3.2. Mapping of MBNL1 Antibody Recognition Sites Using Deletion Mutants

Next, we used deletion mutants to precisely determine the recognition sites of various MBNL1 antibodies. Among the four antibodies that recognize the N-terminal region of MBNL1, 3E7, 4A8, and 66837-1-Ig did not detect deletion mutants 1–138 and 174–248 but did detect 1–161 and 115–248 (Figure 2A). These results suggest that these antibodies recognize amino acids within the 139–161 region. Since this region is encoded by exon 3, this finding is consistent with the fact that these antibodies did not recognize MBNL136, which lacks exon 3. In contrast, sc-58790 did not detect 1–183 or C42 (239–388) but did detect 174–248 (Figure 1B and Figure 2A), suggesting that it likely recognizes amino acids within the 184–238 region, encoded by exon 4.
Next, we examined the antibodies ab45899 and ARP41227, which recognize the C-terminal region (Figure 2B). ab45899 did not detect deletion mutants 239–298 or 339–388 but detected 239–308 and 288–338, suggesting that the 299–308 region, located within exon 6, is essential for its recognition. ARP41227 did not detect 239–269 or 276–388 but did recognize 239–287, indicating that it requires the 270–275 region within exon 5 for recognition. To further validate the recognition site of ARP41227, an additional mutant (270–308) was analyzed (Figure S1). Since ARP41227 reacted with the 270–308 mutant but not with the 276–388 mutant, these findings support the conclusion that the 270–275 region is essential for recognition. This suggests that ARP41227 recognizes a portion of exon 5, which is involved in nuclear localization. Consistently, ARP41227 detected MBNL142, which includes exon 5, but did not detect MBNL136, which lacks exon 5 (Figure 1B). The recognition sites of the antibodies are summarized in Figure 2C.

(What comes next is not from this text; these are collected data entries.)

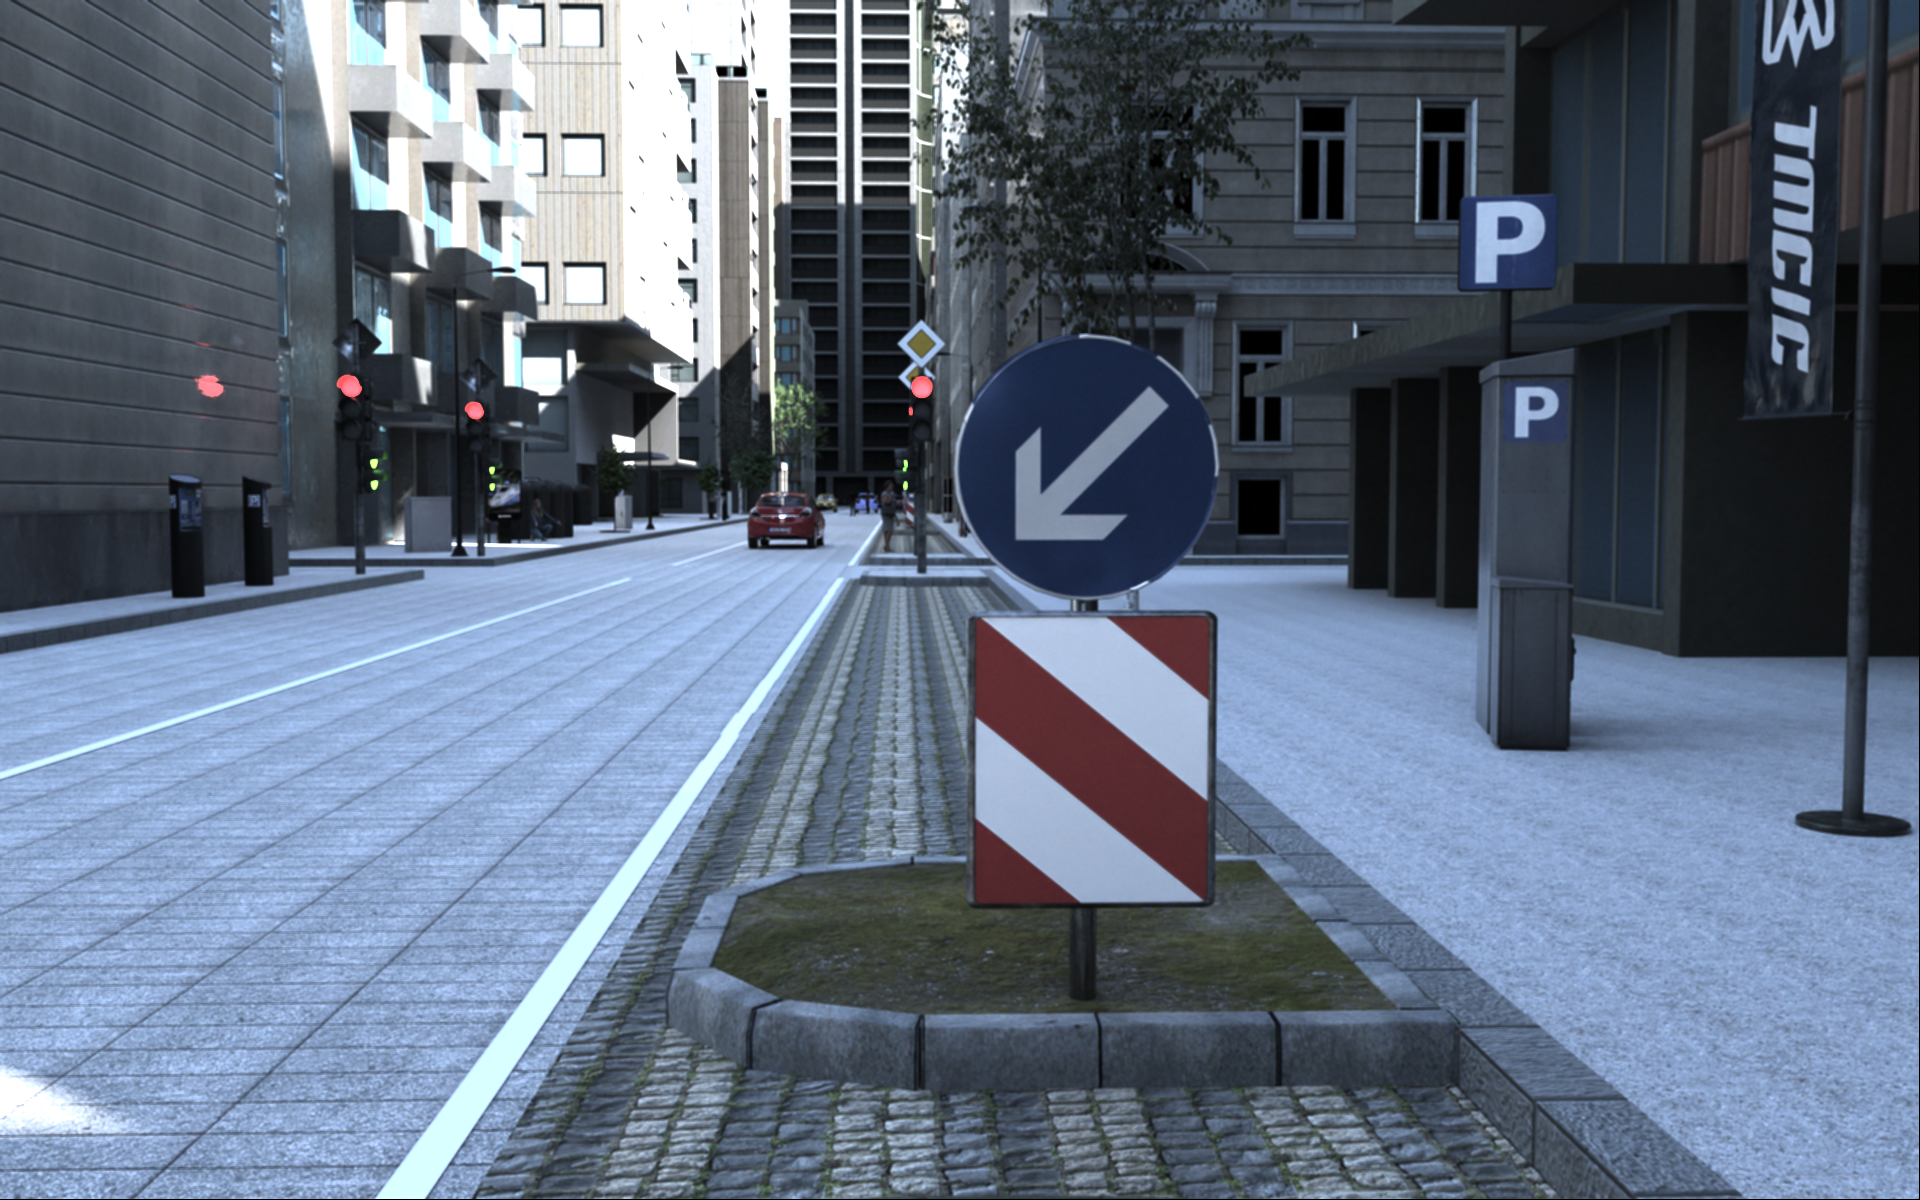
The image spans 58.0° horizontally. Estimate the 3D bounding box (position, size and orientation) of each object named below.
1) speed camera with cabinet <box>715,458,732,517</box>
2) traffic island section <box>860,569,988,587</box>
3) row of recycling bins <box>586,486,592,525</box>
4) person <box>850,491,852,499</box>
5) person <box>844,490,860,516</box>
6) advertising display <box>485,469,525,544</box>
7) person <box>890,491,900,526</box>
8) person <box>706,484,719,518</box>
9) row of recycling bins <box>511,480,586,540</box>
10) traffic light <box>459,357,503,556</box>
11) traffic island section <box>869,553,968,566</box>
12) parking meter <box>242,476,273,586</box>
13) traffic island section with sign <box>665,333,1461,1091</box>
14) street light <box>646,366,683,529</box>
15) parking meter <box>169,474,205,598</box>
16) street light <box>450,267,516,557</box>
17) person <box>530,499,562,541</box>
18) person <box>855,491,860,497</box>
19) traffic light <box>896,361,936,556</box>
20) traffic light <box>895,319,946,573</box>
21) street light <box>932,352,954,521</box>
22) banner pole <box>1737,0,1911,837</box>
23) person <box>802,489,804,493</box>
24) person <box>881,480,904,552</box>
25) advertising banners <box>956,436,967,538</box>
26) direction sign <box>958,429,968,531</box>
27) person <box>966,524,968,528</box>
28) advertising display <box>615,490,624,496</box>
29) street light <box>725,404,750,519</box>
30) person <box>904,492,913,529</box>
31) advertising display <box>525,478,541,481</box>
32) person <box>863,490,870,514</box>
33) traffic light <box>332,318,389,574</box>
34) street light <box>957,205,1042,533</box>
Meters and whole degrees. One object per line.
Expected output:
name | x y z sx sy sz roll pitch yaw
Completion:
speed camera with cabinet | -13.262 -6.217 95.978 0.660 3.252 2.038 1 4 12
traffic island section | -0.596 -0.354 28.077 2.009 0.180 2.903 0 4 -2
row of recycling bins | -16.982 -3.935 71.448 3.534 1.692 1.069 -1 4 -15
person | -11.238 -10.379 178.916 0.721 1.735 1.217 0 4 1
person | -6.986 -6.303 112.374 1.217 1.723 0.721 -2 4 -33
advertising display | -11.746 -2.407 44.574 0.974 1.923 0.123 -3 5 -42
person | -3.053 -4.183 76.751 0.748 1.841 0.638 2 4 33
person | -12.925 -5.150 90.429 0.592 1.802 0.473 3 4 37
row of recycling bins | -12.135 -2.629 50.096 1.069 1.692 3.534 1 4 11
traffic light | -9.864 -2.856 35.622 0.839 4.253 0.868 0 4 -2
traffic island section | -0.868 -0.843 36.057 2.009 0.180 2.903 0 4 -2
parking meter | -9.850 -0.972 24.298 0.372 1.533 0.369 0 3 0
traffic island section with sign | 0.186 0.217 5.083 1.989 1.847 2.006 0 4 -2
street light | -10.704 -5.515 62.718 1.470 5.913 1.316 0 4 -2
parking meter | -9.612 -0.802 21.529 0.372 1.533 0.369 0 3 0
street light | -9.769 -3.852 35.516 1.470 5.913 1.316 0 4 -2
person | -11.278 -2.166 46.959 0.738 1.151 1.012 3 5 43
person | -10.312 -10.248 176.883 1.217 1.723 0.721 0 4 -4
traffic light | -0.909 -2.876 35.942 0.839 4.253 0.868 0 4 -2
traffic light | -0.637 -2.388 27.962 0.839 4.253 0.868 0 4 -2
street light | -0.162 -5.148 56.706 1.470 5.913 1.316 0 4 -2
banner pole | 3.366 -1.025 6.775 0.401 3.779 0.863 -1 4 -18
person | -14.463 -9.278 158.457 0.721 1.735 1.217 0 4 0
person | -1.711 -2.074 42.766 0.532 1.782 0.716 1 4 17
advertising banners | 0.036 -3.410 51.938 0.090 3.025 2.074 0 4 -8
direction sign | 0.154 -4.202 60.697 0.379 3.537 0.876 2 4 29
person | 0.361 -3.527 63.898 0.466 1.800 0.511 0 4 0
advertising display | -13.314 -3.824 67.736 0.123 1.923 0.974 0 4 5
street light | -11.587 -7.170 89.763 1.470 5.913 1.316 0 4 -2
person | -2.079 -3.786 70.406 0.388 1.821 0.555 3 5 44
advertising display | -17.147 -3.890 68.809 0.974 1.923 0.123 0 4 -5
person | -6.818 -7.176 126.515 0.721 1.739 1.217 -1 4 -22
traffic light | -9.592 -2.368 27.642 0.839 4.253 0.868 0 4 -2
street light | 0.750 -3.392 27.996 1.470 5.913 1.316 0 4 -2
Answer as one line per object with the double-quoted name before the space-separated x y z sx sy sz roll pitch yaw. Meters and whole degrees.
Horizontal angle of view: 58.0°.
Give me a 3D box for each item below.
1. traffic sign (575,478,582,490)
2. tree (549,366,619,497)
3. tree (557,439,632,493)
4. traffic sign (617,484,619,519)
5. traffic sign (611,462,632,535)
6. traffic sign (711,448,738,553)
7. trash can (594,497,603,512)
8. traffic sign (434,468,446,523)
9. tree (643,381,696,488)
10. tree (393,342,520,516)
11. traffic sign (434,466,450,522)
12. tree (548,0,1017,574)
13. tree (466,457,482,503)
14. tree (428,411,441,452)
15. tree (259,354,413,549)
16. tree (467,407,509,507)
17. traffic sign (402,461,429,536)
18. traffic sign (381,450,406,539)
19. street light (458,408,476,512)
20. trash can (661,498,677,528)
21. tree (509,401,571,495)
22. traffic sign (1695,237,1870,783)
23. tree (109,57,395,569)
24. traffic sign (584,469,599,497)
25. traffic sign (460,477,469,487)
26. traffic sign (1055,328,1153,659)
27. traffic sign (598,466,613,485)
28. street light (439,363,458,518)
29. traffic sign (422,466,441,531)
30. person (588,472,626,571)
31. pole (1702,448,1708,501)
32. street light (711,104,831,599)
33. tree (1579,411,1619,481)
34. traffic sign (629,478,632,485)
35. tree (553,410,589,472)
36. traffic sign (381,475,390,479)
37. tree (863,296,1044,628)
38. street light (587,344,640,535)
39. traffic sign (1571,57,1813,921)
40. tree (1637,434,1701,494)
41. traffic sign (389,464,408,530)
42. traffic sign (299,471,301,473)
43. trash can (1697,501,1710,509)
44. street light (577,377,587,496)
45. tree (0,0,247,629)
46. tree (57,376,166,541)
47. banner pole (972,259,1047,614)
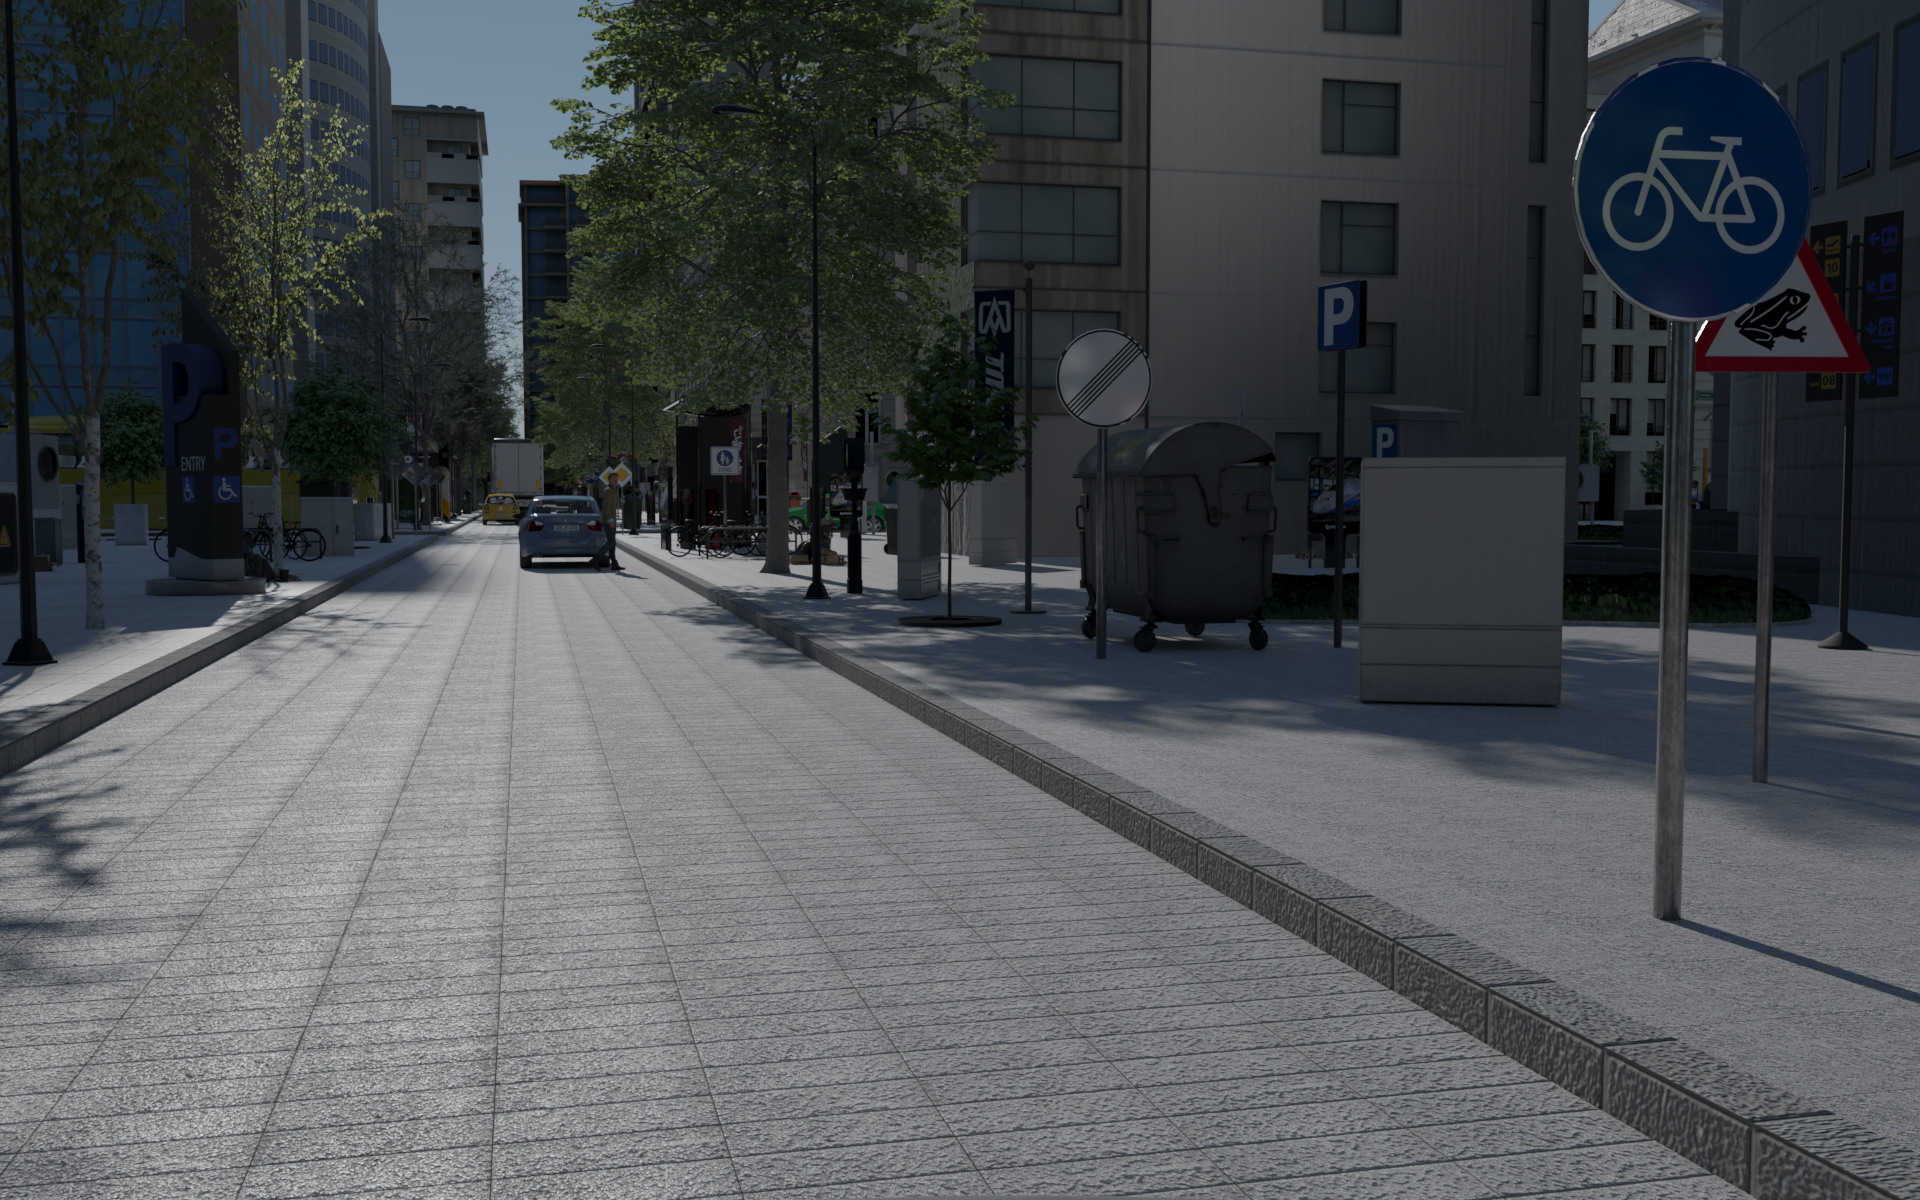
"traffic sign" -22.394 -6.273 102.672 0.768 2.556 0.104 -1 4 -12
"tree" -21.166 -9.043 98.221 4.737 8.622 4.395 0 3 0
"tree" -19.241 -6.703 93.308 4.285 4.588 4.351 0 3 0
"traffic sign" -17.929 -5.545 90.774 0.768 2.556 0.104 -1 4 -11
"traffic sign" -10.619 -3.106 54.428 0.795 2.450 0.064 -1 4 -14
"traffic sign" -5.085 -2.163 37.495 0.606 2.300 0.079 -1 4 -9
"trash can" -16.525 -4.175 79.909 0.748 1.137 0.748 0 3 0
"traffic sign" -23.317 -4.650 77.208 0.795 2.450 0.064 -1 4 -12
"tree" -18.531 -9.850 111.410 4.360 8.622 3.978 0 3 0
"tree" -30.061 -10.305 102.898 8.767 10.594 7.601 1 4 17
"traffic sign" -23.673 -4.828 79.051 0.768 2.556 0.104 0 4 -5
"tree" -2.952 -6.733 28.207 7.486 12.596 7.792 0 3 0
"tree" -54.304 -14.975 195.206 4.737 8.622 4.395 0 3 0
"tree" -37.643 -13.140 132.972 7.486 12.596 7.792 0 3 0
"tree" -14.583 -3.481 40.625 4.285 4.588 4.351 0 3 0
"tree" -55.657 -16.909 202.211 9.928 11.665 9.643 0 3 0
"traffic sign" -16.631 -3.015 52.939 0.795 2.450 0.064 -1 4 -14
"traffic sign" -16.229 -3.023 49.529 0.768 2.556 0.104 -1 4 -9
"street light" -26.859 -7.410 93.690 1.470 5.913 1.316 -1 4 -14
"trash can" -10.396 -3.079 61.992 0.748 1.137 0.748 0 3 0
"tree" -44.029 -16.332 192.788 9.928 11.665 9.643 0 3 0
"traffic sign" 3.565 -0.467 7.644 0.884 2.594 0.081 0 4 -7
"tree" -11.587 -4.781 28.536 4.360 8.622 3.978 0 3 0
"traffic sign" -18.477 -5.307 86.872 0.768 2.556 0.104 -1 4 -10
"traffic sign" -36.562 -7.795 127.556 0.768 2.556 0.104 -1 4 -13
"traffic sign" 1.103 -0.815 13.427 0.768 2.556 0.104 -1 4 -9
"traffic sign" -12.572 -3.580 62.172 0.795 2.450 0.064 -1 4 -14
"street light" -18.683 -5.428 61.296 1.470 5.913 1.316 -1 4 -14
"traffic sign" -18.584 -3.489 60.682 0.795 2.450 0.064 -1 4 -14
"person" -6.559 -1.464 32.340 0.656 1.842 0.836 3 5 45
"pole" 32.967 -5.066 76.670 0.158 3.312 0.155 0 3 0
"street light" -2.280 -2.959 20.927 1.470 5.913 1.316 -1 4 -14
"tree" 20.564 -4.586 58.694 4.285 4.588 4.351 0 3 0
"traffic sign" -16.726 -5.195 87.065 0.606 2.300 0.079 -1 4 -10
"tree" -30.833 -11.638 140.647 4.360 8.622 3.978 0 3 0
"traffic sign" -26.628 -4.942 80.911 0.768 2.556 0.104 0 4 -7
"tree" -0.208 -1.367 16.947 1.663 3.219 1.824 0 3 0
"street light" -10.732 -4.976 53.899 1.470 5.913 1.316 -1 4 -14
"traffic sign" 2.141 -0.310 5.167 0.768 2.556 0.104 -1 4 -10
"tree" 21.594 -3.585 53.212 1.663 3.219 1.824 0 3 0
"traffic sign" -20.105 -3.776 61.844 0.768 2.556 0.104 0 4 -7
"traffic sign" -18.940 -3.082 50.503 0.768 2.556 0.104 -1 4 -13
"trash can" 16.239 -1.567 37.280 0.748 1.137 0.748 0 3 0
"street light" -14.518 -5.904 69.072 1.470 5.913 1.316 -1 4 -14
"tree" -8.476 -4.036 16.353 4.737 8.622 4.395 0 3 0
"tree" -23.128 -3.941 48.143 4.285 4.588 4.351 0 3 0
"banner pole" 0.523 -1.752 18.670 0.863 3.779 0.401 1 4 23

3.3. Comparison of Antibody Reactivity to MBNL Paralogs

HEK293 cells were transfected with EGFP-fused MBNL2 and MBNL3 (Figure 3A), and the reactivity of six antibodies used in this study was assessed via Western blotting. Among these antibodies, all except sc-58790 showed no cross-reactivity with MBNL2 or MBNL3 (Figure 3B). sc-58790 has been reported to recognize all three MBNL paralogs (MBNL1, MBNL2, and MBNL3); however, it detected MBNL2 most efficiently, while MBNL1 was only faintly detected.
The exon corresponding to MBNL1 exon 5 is present in MBNL242 and MBNL243, but ARP41227, which recognizes exon 5, did not detect these MBNL2 isoforms (Figure 3A,B). The region surrounding amino acids 270–275 in MBNL1 contains residues that are not conserved in MBNL2, which may contribute to differences in antibody reactivity (Figure 3C). Similarly, ab45899 exclusively detected MBNL1. The region of MBNL1 exon 6 recognized by this antibody contains amino acids that are not evolutionarily conserved in the corresponding sequences of MBNL2 and MBNL3 (Figure 3D). Notably, Pro301 and Thr306 are unique to MBNL1, suggesting that ab45899 may specifically recognize these residues.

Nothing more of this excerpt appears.